Studenten die schrikken van een bijkomende 300 euro zullen hun uitgaven (een beetje) moeten herschikken. En dat kunnen ze, meestal toch. Dat ziet men in landen waar het hoger onderwijs veel en veel duurder is dan bij ons, zoals in het Verenigd Koningrijk en de Verenigde Staten. Echt behoeftige studenten kan men uit de nood helpen door een oordeelkundig en niet te krenterig systeem van studiebeurzen. Overigens leidt de dreiging van besparingen soms tot creatieve ideeën. De Leuvense universiteit heeft beslist studenten die onvoldoende scoorden in het eerste jaar, niet meer toe te laten tot een tweede jaar (in dezelfde studierichting).
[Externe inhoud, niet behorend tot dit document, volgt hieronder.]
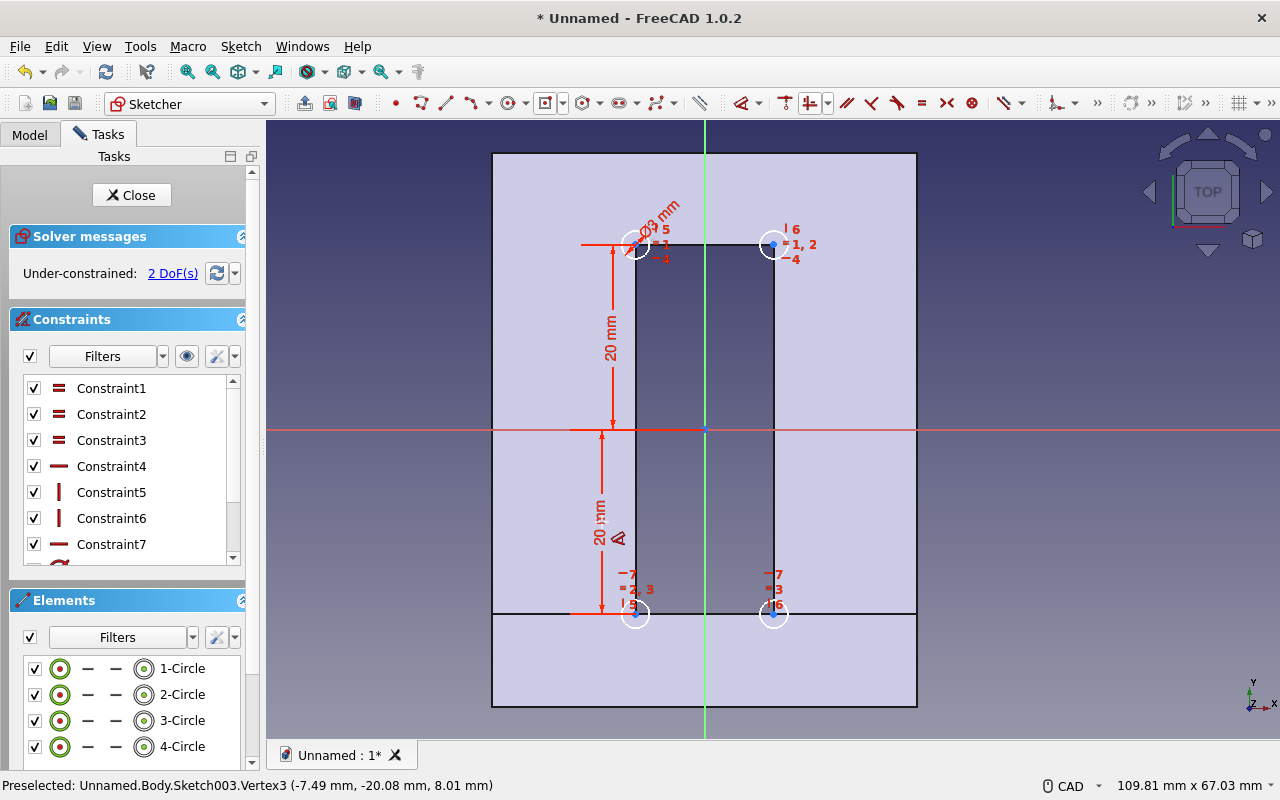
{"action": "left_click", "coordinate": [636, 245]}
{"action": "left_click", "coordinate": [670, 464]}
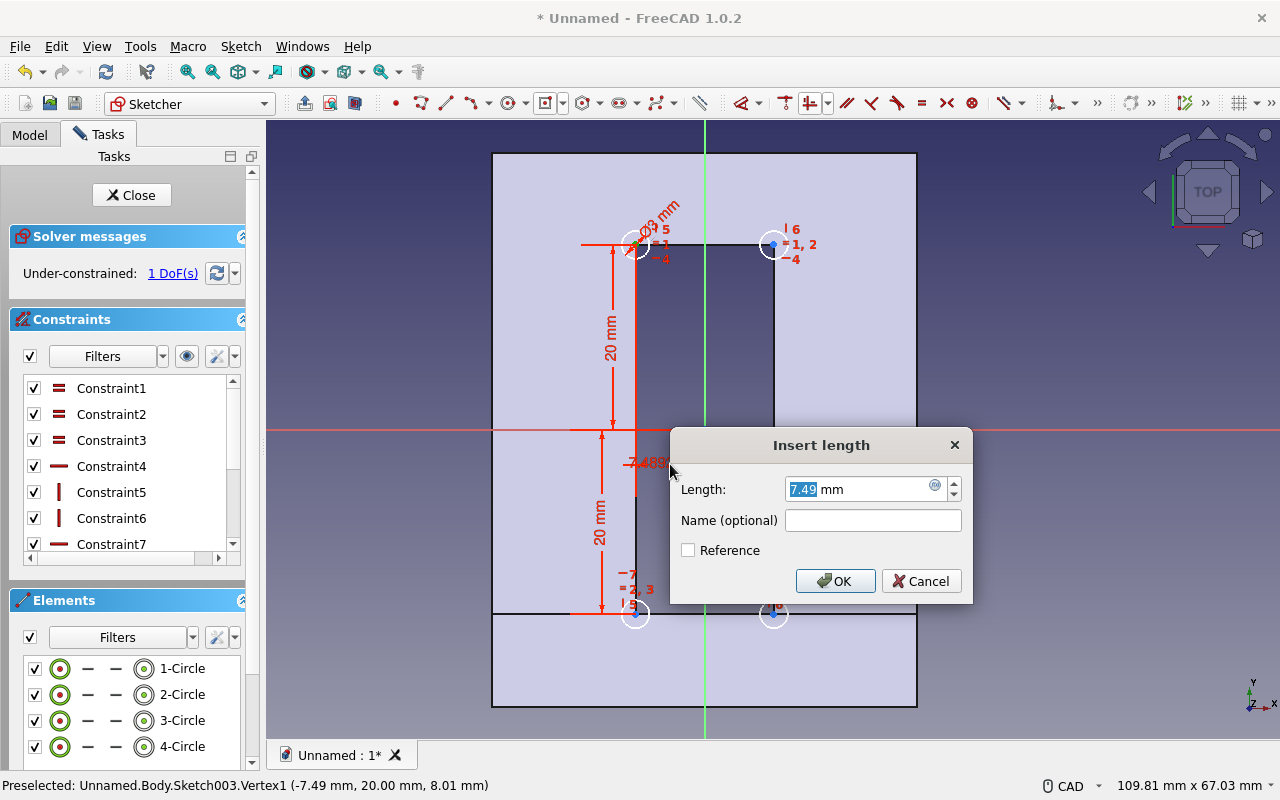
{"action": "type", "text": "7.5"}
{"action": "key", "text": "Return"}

Die studenten mogen dan al een leuke tijd beleven op en rond de campus, zij eisen de schaarse tijd van het personeel op ten koste van de andere studenten. En die kunnen wat meer begeleiding best gebruiken.
Tweede en voornaamste vraag: moeten de hogescholen en universiteiten de besparingen enkel verhalen op de studenten? Nee, die kunnen ze ook verhalen op de kosten van hun administratie en personeel. Het is waar dat in sommige faculteiten en departementen het gebrek aan werkingsmiddelen nu al schrijnend is geworden, ten gevolge van de recente toevloed van studenten. Maar elders zijn op de begroting nog wel herschikkingen mogelijk. Tijdens de voorbije vette jaren werden in de begroting allerlei uitgaven verankerd die geen grote prioriteit verdienen.
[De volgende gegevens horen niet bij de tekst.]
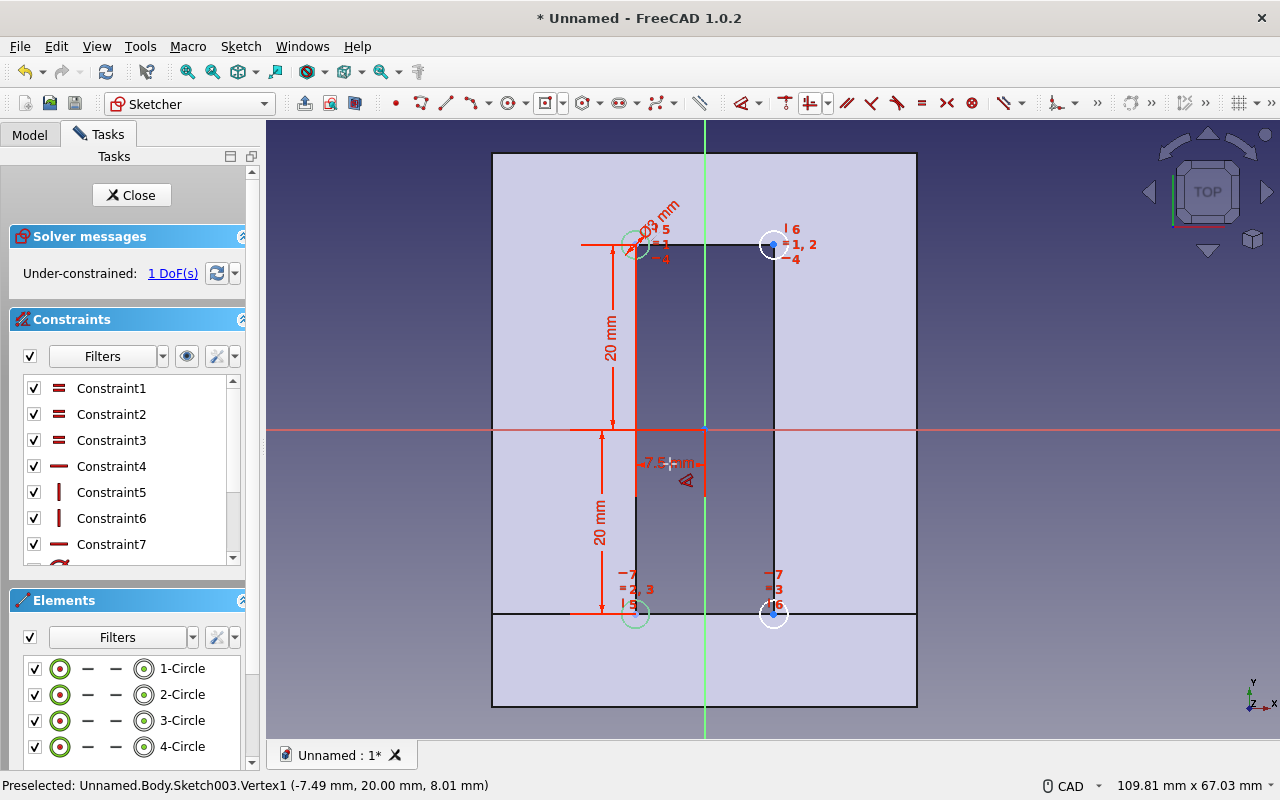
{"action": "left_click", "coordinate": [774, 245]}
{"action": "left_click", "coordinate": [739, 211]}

Oordeelkundige besparingen kunnen een terugkeer bevorderen naar de kerntaken van het hoger onderwijs
Bijvoorbeeld de feestelijkheden, zoals het jaarlijks uitreiken van eredoctoraten, die vooral dienen om het prestige van de instelling hoog te houden. Of de administratieve plichtplegingen die erg belastend zijn voor het personeel. De externe controles op onderzoek en onderwijs (‘de visitaties’) zijn de tweede en de derde maal minder nuttig dan de eerste maal. Wie scherp toekijkt merkt dat de opmerkingen van visitatoren de tweede maal dikwijls niet stroken met die van de eerste visitatoren. Om maar één voorbeeld te geven van de disfuncties van de visitaties. En ze kosten handen vol geld, onder andere voor de ‘bed and board’ die zo gul aan de visitatoren wordt aangeboden. Dat heeft men nu ingezien en het aantal externe visitaties drastisch beperkt.
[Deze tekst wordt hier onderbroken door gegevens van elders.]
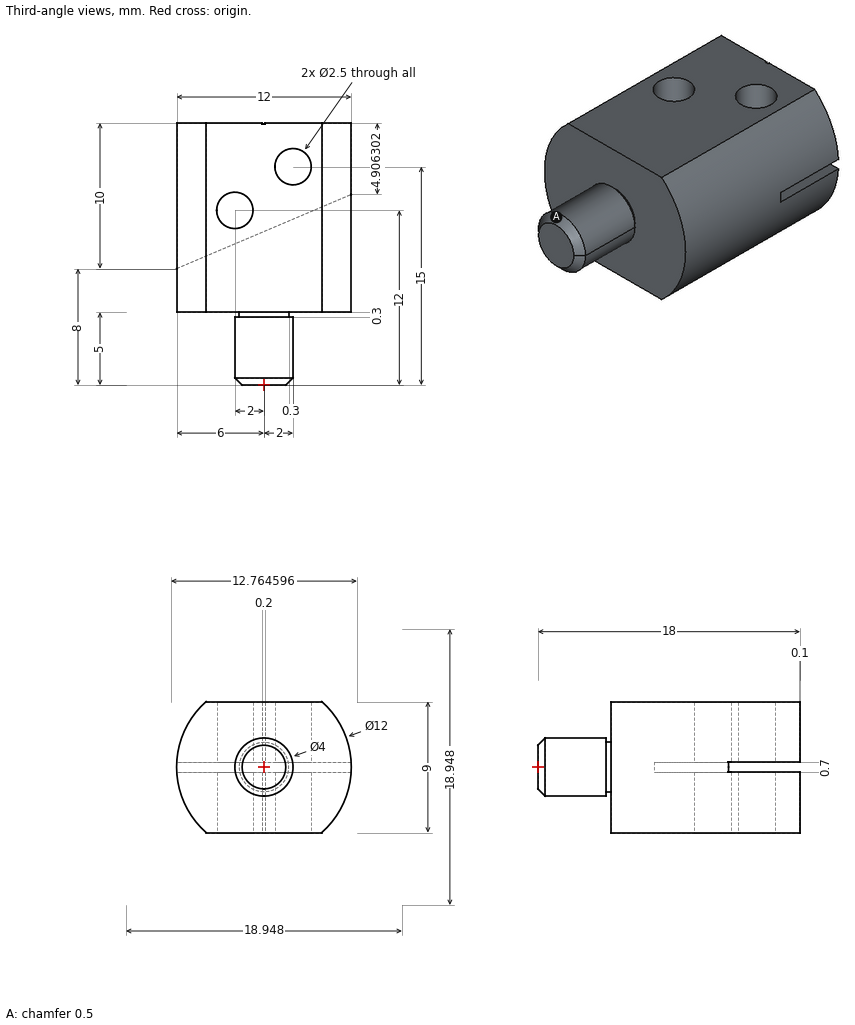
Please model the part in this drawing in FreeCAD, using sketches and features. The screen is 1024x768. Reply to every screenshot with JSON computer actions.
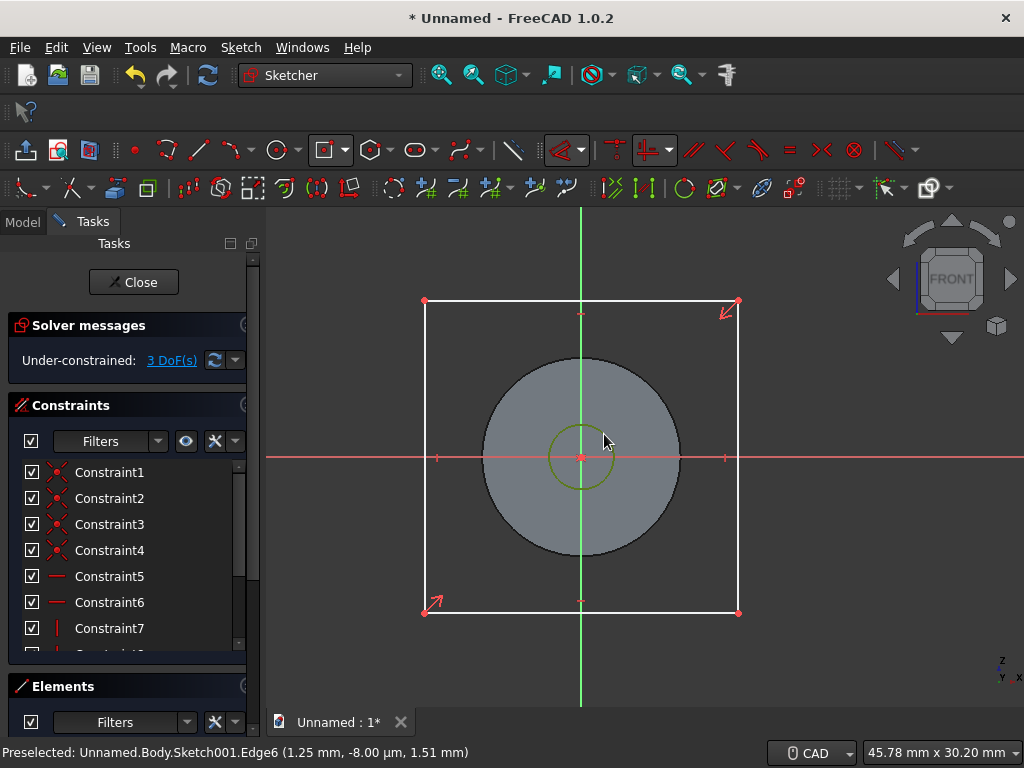
{"action": "left_click", "coordinate": [584, 150]}

En nu het voornaamste voorbeeld. Aan de universiteiten moeten alle ambitieuze docenten en assistenten aan onderzoek doen, aan zoveel mogelijk onderzoek. Helaas wijden ze zich nogal eens aan triviaal onderzoek. Is het belangrijk een nieuwe vlinder te ontdekken in Borneo? Zeldzaam zijn de collega’s die hun collega’s erop (durven) wijzen dat hun onderzoek weinig te betekenen heeft voor de welvaart en/of het welzijn van de bevolking. Het is waar dat het onderzoek dikwijls gefinancierd wordt door externe sponsoren (bijvoorbeeld door de overheden) die streng toezien op de selectie en de evaluatie van de onderzoeksprojecten. Maar even dikwijls kunnen de sponsors niet goed oordelen over de werkelijke waarde van de onderzoeksresultaten. En bovendien vergt juist hun toezicht van de universiteiten veel tijd en geld.
Oordeelkundige besparingen na de wildgroei van de vette jaren kunnen een terugkeer bevorderen naar de kerntaken van het hoger onderwijs. Daaronder hoeven de studenten niet te lijden. Allicht krijg je zo een meer optimale besteding van de middelen. Althans zo er niet te veel nieuwe besparingsrondes volgen.